I've always found the beginning and end of a book easiest to write. That big hunk in the middle has often left me feeling I can't write my name in the dirt with a stick and I'm the most boring person alive. Neither applies to you. Hang in there!

Monica Ferris said...

I fuss and fume over the beginning big time, don't have too much trouble with the middle, and skate happily over the ending. Different strokes, I guess.

Linda O. Johnston said...

You've got a lot on your plate, Monica. Patience, perseverance, and I'm sure Buttons and Bones will get where you want it to soon.

I'm looking forward (?) to my first electronically notated manuscript. It should be somewhat, at least, like a redlined legal document--I hope.

Monica Ferris said...

Let me know what it's like, Linda. That will be an interesting thing to learn.

Sheila Connolly said...

Sure, and we all remember Fibber McGee and Molly. Oops, I guess I do, at least second-hand--my grandmother had a "Fibber McGee closet".

I agree with Julie--the beginning is exciting, and you know where the end is, but oh, that gaping middle! I couldn't possibly string together enough words to fill it. Until I do.

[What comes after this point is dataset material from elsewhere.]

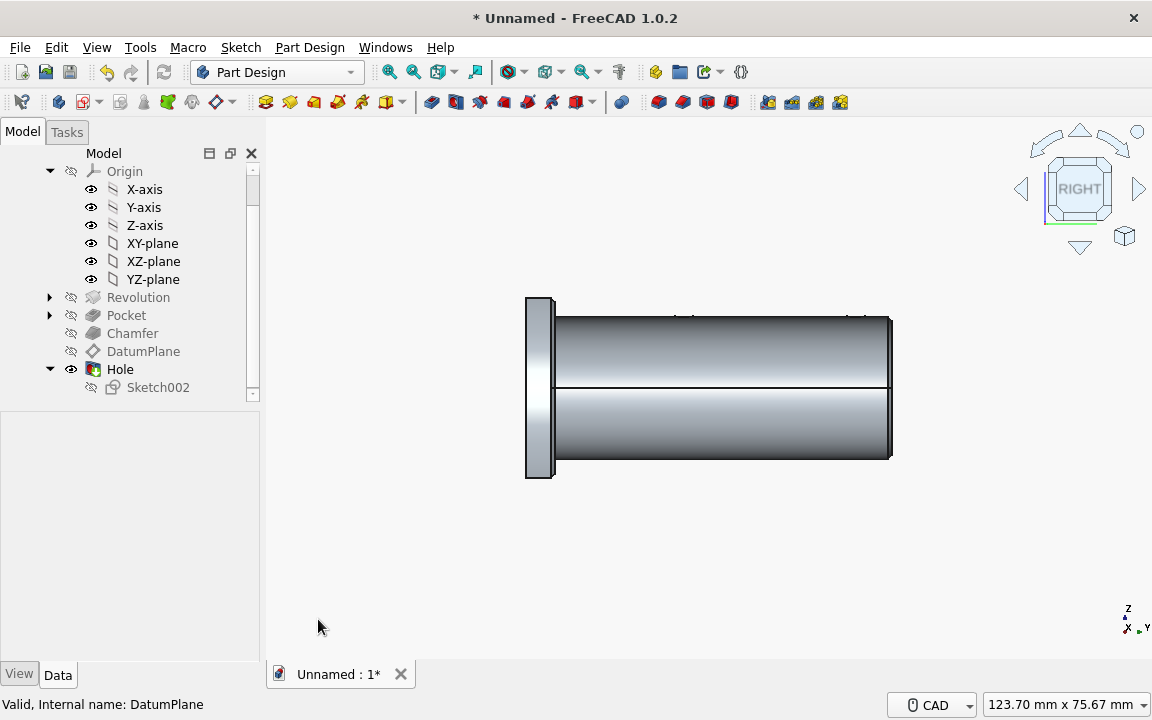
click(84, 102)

Joanna Campbell Slan said...

Monica, I know I fear "saggy" middles. They are the beast we must conquer, right? You have so much going on with your life. I'll keep you in my prayers.

Julie (aka Lucy Hamilton) said...

Everybody's system is different, which is hard to get across to aspiring writers when speaking. They all want to know "the trick," and, of course, there isn't one. I can't even define the characters in a book until I've written 2-3chapters and have watched them and listened to them. The trouble is that feeling that I have nowhere near enough plot to fill up the middle. Until, as Sheila says, I've filled it up and now the book is running long.

Betty Hechtman said...

Monica, I always like your posts about what is happening in your life. I'm glad your eyes are getting better. It must be a relief.

I guess I'm going to be getting the same kind of notated manuscript. Maybe the corrections will show up better.

Camille Minichino said...

I twitter and Facebook and a few others -- I teach the history of technology and can't help making a parallel with so many "unwelcome" inventions over the centuries.

At the beginning of telephone technology, e.g., the US congress did not allow telephones in representatives offices since it would discourage them from walking down the hall for a face to face! Hmm, maybe there's something to that.

I admit that I embrace a lot of new technology simply so I won't be left behind.